Die Lastwagenflut in 
den Dörfern bleibt aus

Messungen zeigen: Der Ostast hat keinen Einfluss auf die Verkehrsflüsse im Seeland. Die Zahlen sind aber unvollständig – und entsprechen nicht immer der Wahrnehmung.

Symbolbild: Keystone
  • Dossier

Lino Schaeren

Vor rund sechs Jahren hat der Grosse Rat den Kanton beauftragt, die Verkehrsbelastungen auf der Achse Biel – Lyss – Aarberg – Kerzers zu beobachten. Grund: der A5-Ostast. Zwar lag die Eröffnung der Ostumfahrung von Biel 2012 noch in weiter Ferne, die Erhebung von Verkehrszahlen sollte jedoch frühzeitig beginnen, um nach der Inbetriebnahme die Auswirkungen der neuen Autobahn aufzeigen zu können. Seit 2015 wird der Verkehr deshalb an acht Stellen gemessen.

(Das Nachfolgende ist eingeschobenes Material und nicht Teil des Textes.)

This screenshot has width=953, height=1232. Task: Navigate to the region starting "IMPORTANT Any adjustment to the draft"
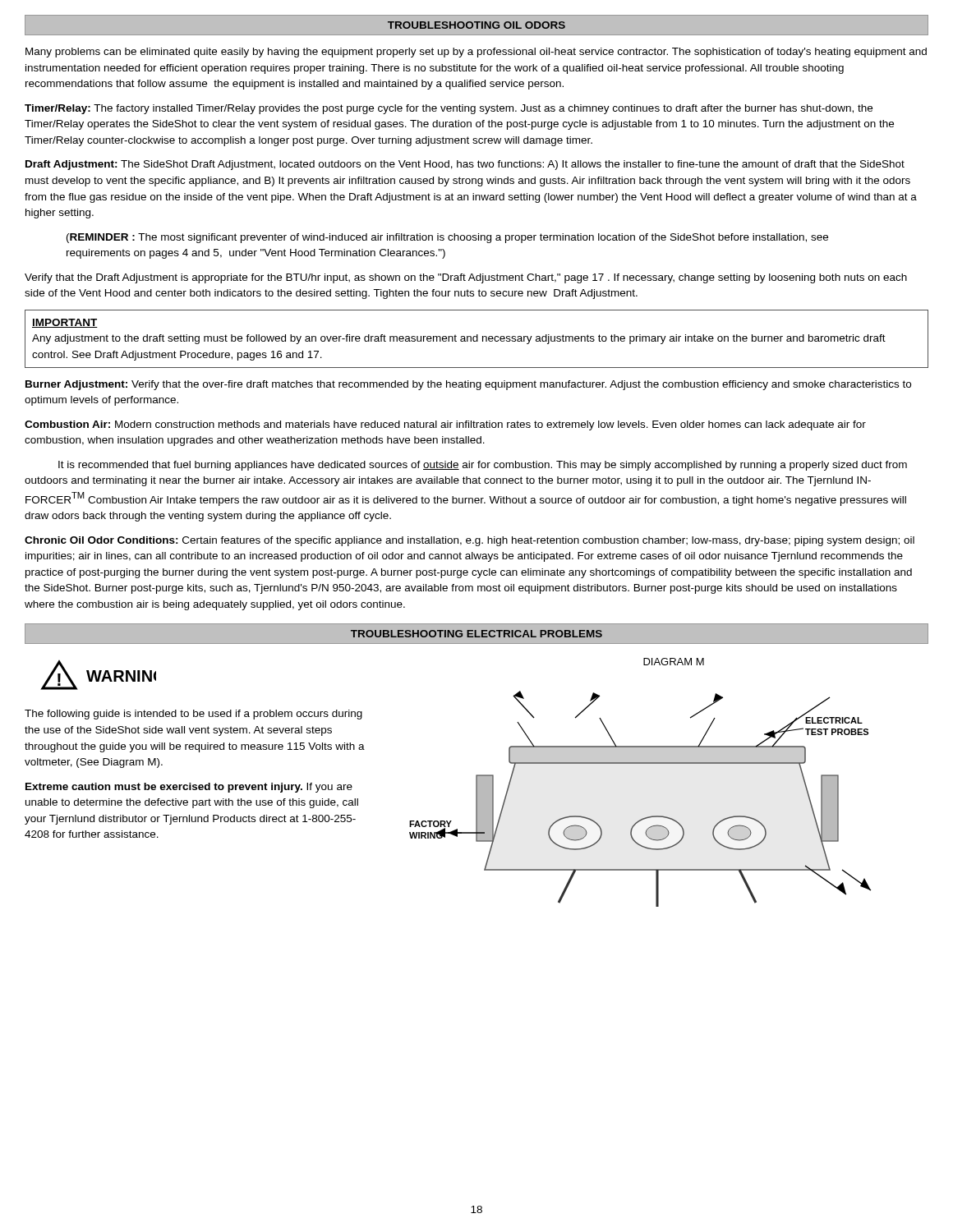pos(459,338)

Urheber des Vorstosses im Kantonsparlament waren Jakob Etter (BDP, Treiten), Peter Bonsack (EDU, Kallnach), Willy Marti (SVP, Kallnach) und Peter Moser (FDP, Biel). Ihre Befürchtung: Mit dem A5-Ostast könnte vorab die Belastung durch den Schwerverkehr auf besagter Achse zunehmen. Gestern hat nun die Bau-, Verkehrs- und Energiedirektion des Kantons Bern die ersten Zahlen veröffentlicht. Und die zeigen: Die Befürchtungen waren zumindest im ersten Betriebsjahr der Ostumfahrung umsonst. Die neue Autobahn habe «keine Auswirkungen auf die Verkehrsflüsse im Seeland».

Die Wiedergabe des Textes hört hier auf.